He must at the time of his application to be admitted declare on oath, before some one of the courts above specified, that he will support the Constitution of the United States, and that he absolutely and entirely renounces and abjures all allegiance and fidelity to every foreign prince, potentate, State, or sovereignty, and particularly, by name, to the prince, potentate, State, or Sovereignty of which he was before a citizen or subject, " which proceedings must be recorded by the clerk of the court.

CONDITIONS FOR CITIZENSHIP.

If it shall appear to the satisfaction of the court to which the alien has applied that he has made a declaration to become a citizen two years before applying for final papers, and has resided continuously within the United States for at least five years, and within the State or Territory where such court is at the time held one year at least; and that during that time "he has behaved as a man of good moral character, attached to the principles of the Constitution of the United States, and well disposed to the good order and happiness of the same," he will be admitted to citizenship. If the applicant has borne any hereditary title or order of nobility he must make an express renunciation of the same at the time of his application.

SOLDIERS.

Any alien of the age of twenty-one years and upward who has been in the armies of the United States, and has been honorably discharged therefrom, may become a citizen on his petition, without any previous declaration of intention, provided that he has resided in the United States at least one year previous to his application, and is of good moral character. (It is judicially decided that residence of one year in a particular State is not requisite.)

MINORS.

Any alien under the age of twenty-one years who has resided in the United States three years next preceding his arriving at that age, and who has continued to reside therein to the time he may make application to be admitted a citizen thereof, may, after he arrives at the age of twenty-one years, and after he has resided five years within the United States, including the three years of his minority, be admitted a citizen; but he must make a declaration on oath and prove to the satisfaction of the court that for two years next preceding it has been his bona fide intention to become a citizen.

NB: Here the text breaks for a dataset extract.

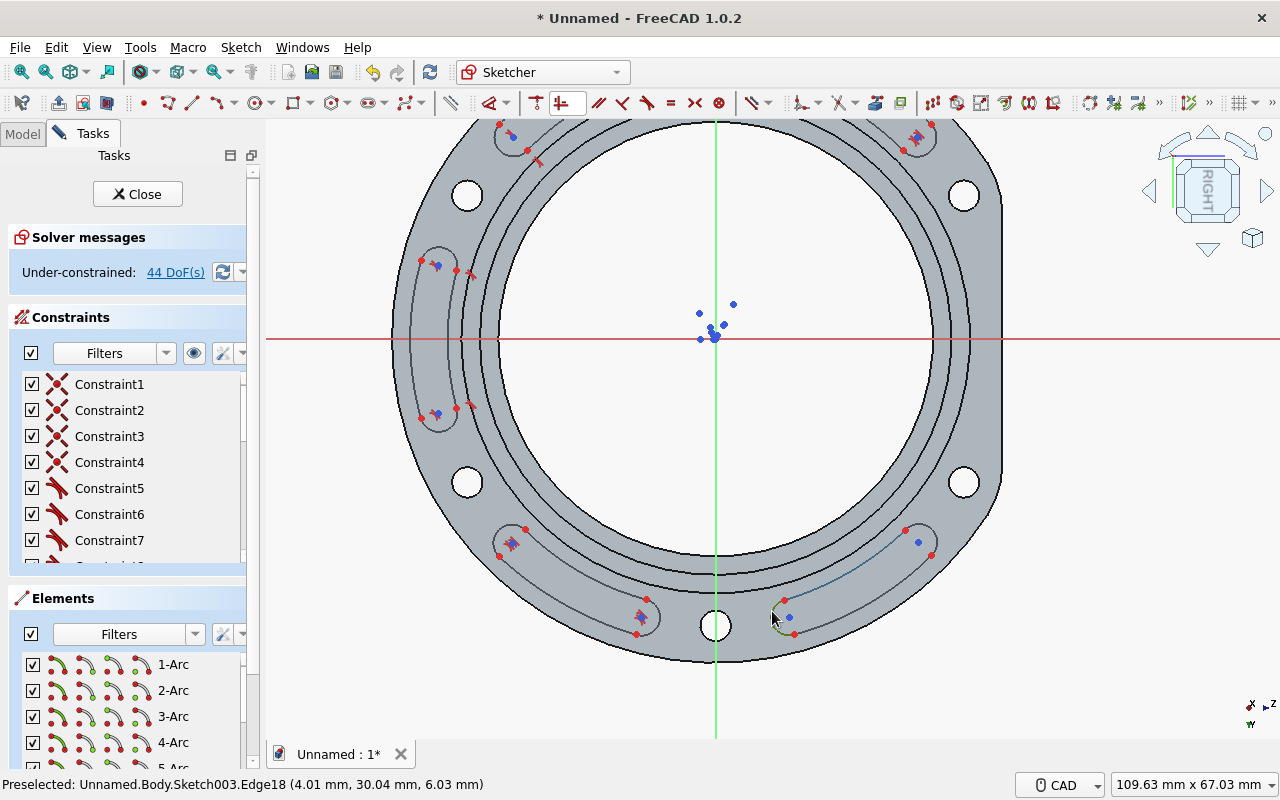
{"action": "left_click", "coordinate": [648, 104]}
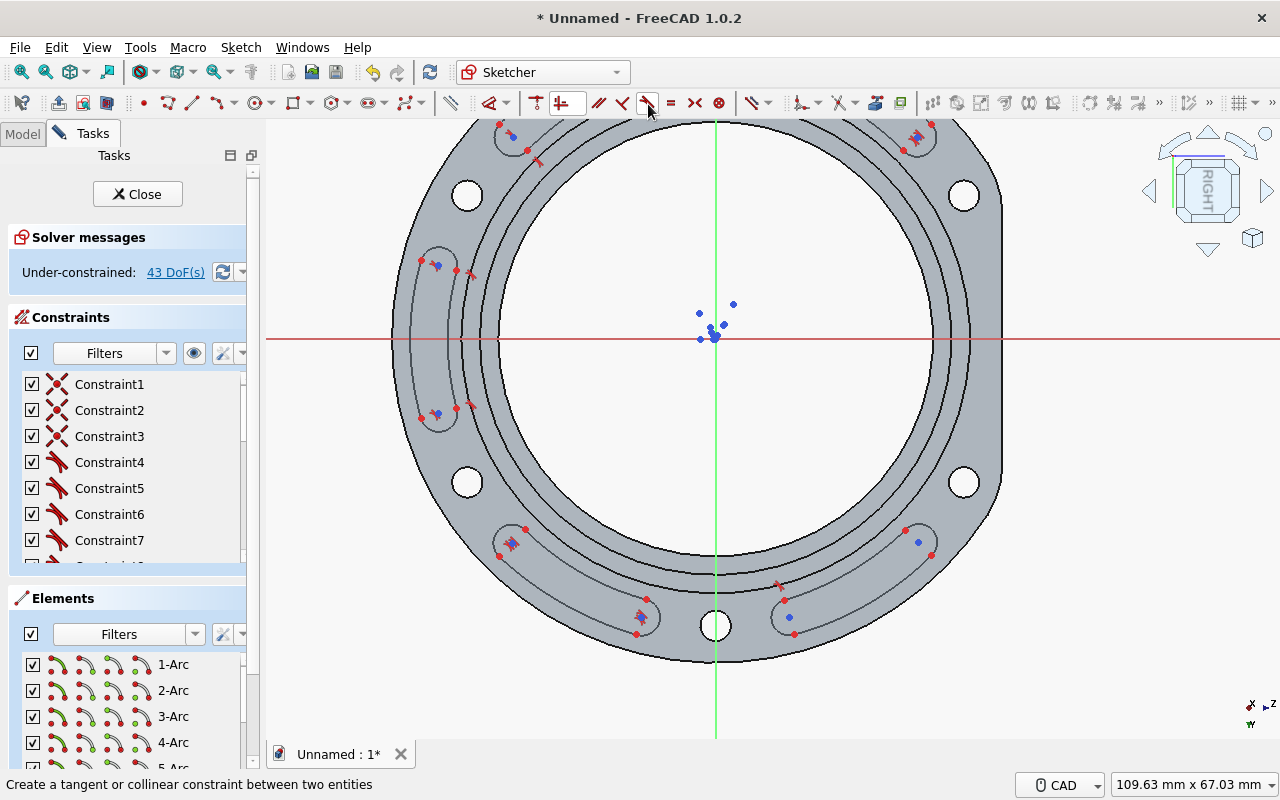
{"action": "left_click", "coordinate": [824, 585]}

CHILDREN OF NATURALIZED CITIZENS.

The children of persons who have been duly naturalized, being under the age of twenty-one years at the time of the naturalization of their parents, shall, if dwelling in the United States, be considered as citizens thereof.

CITIZENS' CHILDREN WHO ARE BORN ABROAD.

The children of persons who now are or have been citizens of the United States are, though born out of the limits and jurisdiction of the United States, considered as citizens thereof.

CHINESE.

The naturalization of Chinamen is expressly prohibited by Section 14, Chapter 126, Laws of 1882.

PROTECTION ABROAD TO NATURALIZED CITIZENS.

Section 2,000 of the Revised Statutes of the United States declares that all naturalized citizens of the United States while in foreign countries are entitled to and shall receive from this Government the same protection of persons and property which is accorded to native-born citizens."'

THE RIGHT OF SUFFRAGE.

The right to vote comes from the State, and is a State gift. Naturalization is a Federal right and is a gift of the Union, not of any one State. In nearly one-half of the Union aliens (who have declared intentions) vote and have the right to vote equally with naturalized or nativeborn citizens. In the other half only actual citizens may vote. (See Table of Qualifications for Voting in each State, on another page.) The Federal naturalization laws apply to the whole Union alike, and provide that no alien may be naturalized until after five years' residence. Even after five years' residence and due naturalization he is not entitled to vote unless the laws of the State confer the privilege upon him, and he may vote in several States six months after landing, if he has declared his intention, under United States law, to become a citizen.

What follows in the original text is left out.